To do this, I’ve slipped a namespace resolver into the client’s API call to allow the interface to act independently from the source of the content. For a simple API call, like listDatastreams, we have:
public function listDatastreams($pid, $asOfDateTime = null) { return Fedora_Repository::get('API-A', $pid)->listDatastreams(array('pid' => $pid, 'asOfDateTime' => $asOfDateTime)); }
This requests the API-A binding appropriate to the current persistant identifier (pid):
/** * Retrieves a Fedora Repository that can provide the $type endpoint for the PID/prefix $prefix * * @param string $type * @param string $prefix * @return Fedora_Repository */ static public function get($type, $prefix = '') { global $objManager; $arrRepository = $objManager->resolve($prefix); $objClient = new stdClass; if(count($arrRepository) == 1) { $objClient = $arrRepository[0]->getSoapClient($type); } else { $arrKey = array_rand($arrRepository, count($arrRepository)); foreach($arrKey as $key) { $objClient = $arrRepository[$key]->getSoapClient($type); if($objClient !== false) { break; } } } if($objClient instanceof SoapClient) { return $objClient; } else { return false; } }
Creating a distributed repository doesn’t cost much now, and if you design it right, you can benefit from the potential for redundancy and mirroring immediately, even before there is a federated network to tap into.

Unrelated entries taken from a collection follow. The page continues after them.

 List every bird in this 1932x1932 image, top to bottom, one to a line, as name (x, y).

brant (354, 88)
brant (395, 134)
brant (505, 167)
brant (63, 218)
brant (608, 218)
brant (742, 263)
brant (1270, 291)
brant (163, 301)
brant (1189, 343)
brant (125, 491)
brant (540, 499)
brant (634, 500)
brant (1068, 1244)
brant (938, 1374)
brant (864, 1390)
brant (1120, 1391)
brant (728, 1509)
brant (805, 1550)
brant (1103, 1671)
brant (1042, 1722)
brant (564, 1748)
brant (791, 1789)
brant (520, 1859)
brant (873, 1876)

The full source is available from the bVault Fedora PHP library.
Zend_Cache for Web Services
My current project involves a number of SOAP Web Services requests to retrieve information from our Fedora repository. To help minimize overhead from HTTP requests, I’m using Zend Framework’s Zend_Cache_Frontend_Class to wrap the whole Fedora/PHP interface class. Zend_Cache allows me to implement this style of caching with only a single line of code.

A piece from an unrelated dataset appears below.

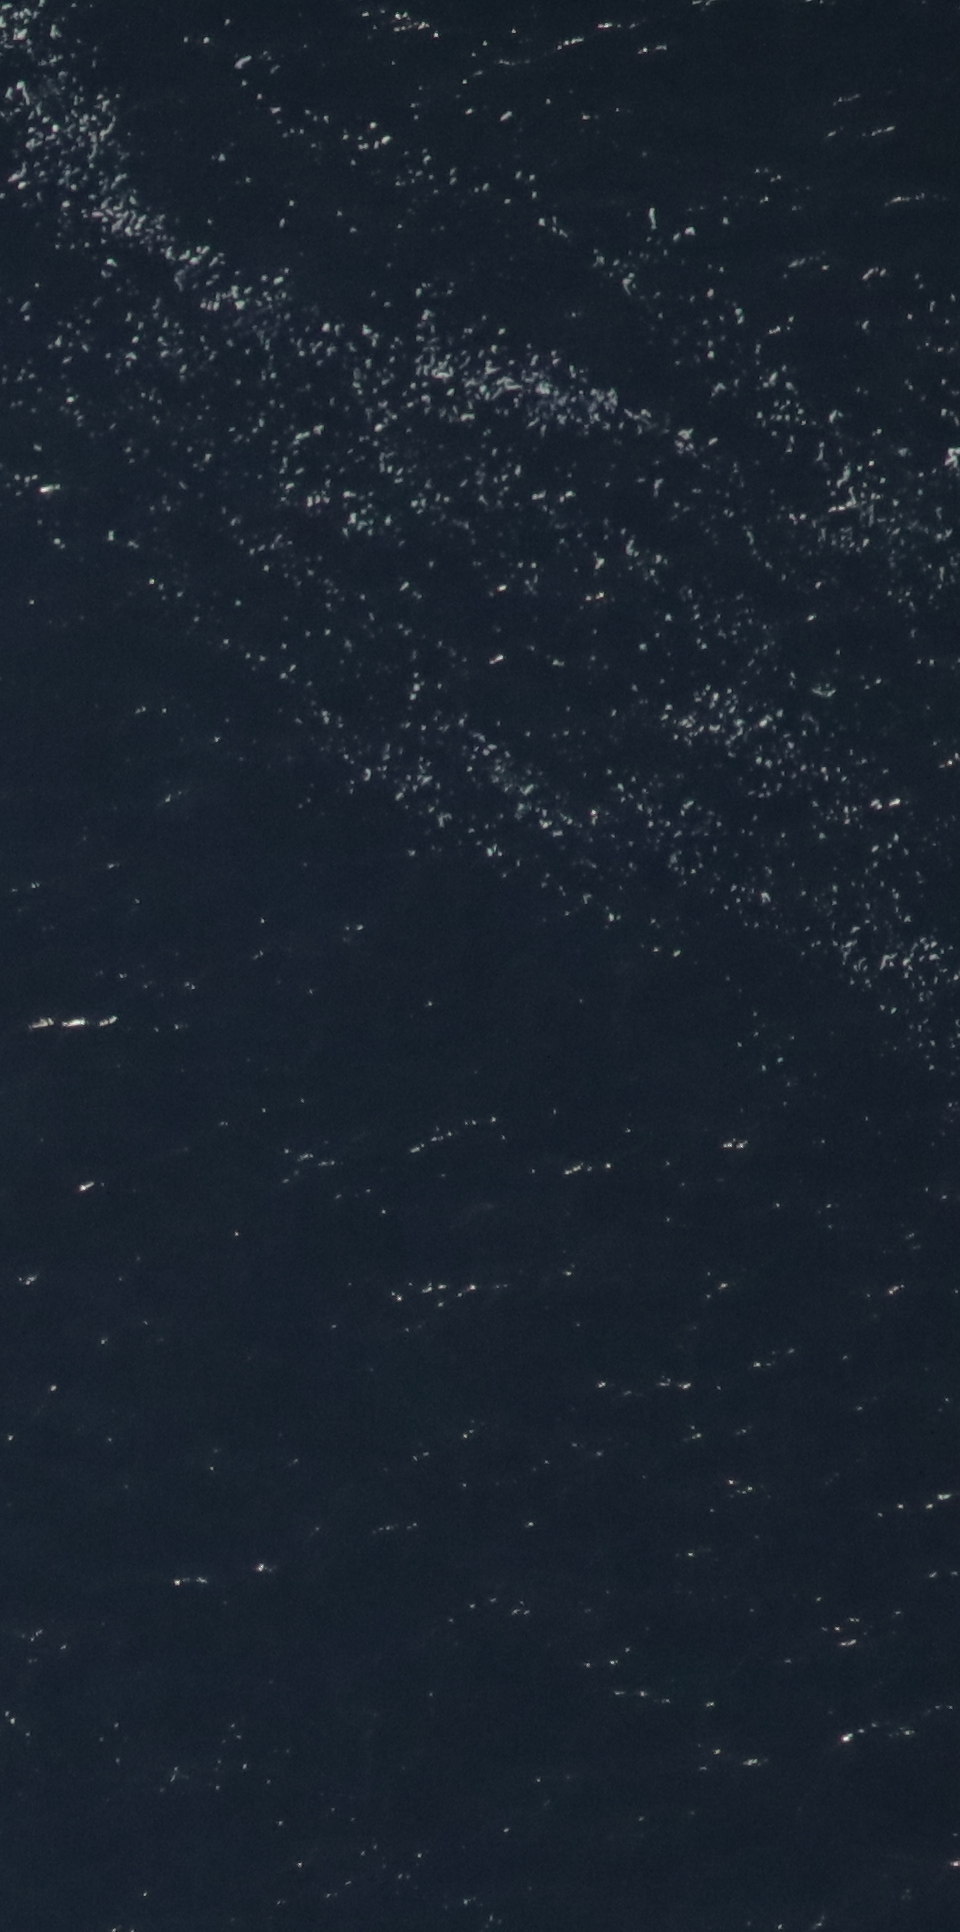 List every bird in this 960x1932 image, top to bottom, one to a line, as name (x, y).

None

Our web services consumer provides a couple of access methods that can be safely cached:
class Fedora_Object { /* .... */ public function getDissemination($pid, $sDefPid, $methodName, $parameters, $asOfDateTime = null) { try { return Fedora_Repository::get('API-A', $pid)->getDissemination(array('pid' => $pid, 'serviceDefinitionPid' => $sDefPid, 'methodName' => $methodName, 'parameters' => $parameters, 'asOfDateTime' => $asOfDateTime)); } catch(SoapFault $s) { return $s; } } /* .... */ }
In the bootstrap file, instead of initializing the Fedora_Object class, I wrap it in a Zend_Cache instance:
$fedora = Zend_Cache::factory('Class', 'File', array('cached_entity' => new Fedora_Object(), 'cached_methods' => array('getObjectXML', 'getDatastreamDissemination', 'getDissemination'), 'cache_by_default' => false));
This code tells Zend_Cache to cache only the specified cached_methods and pass everything else through. Easy.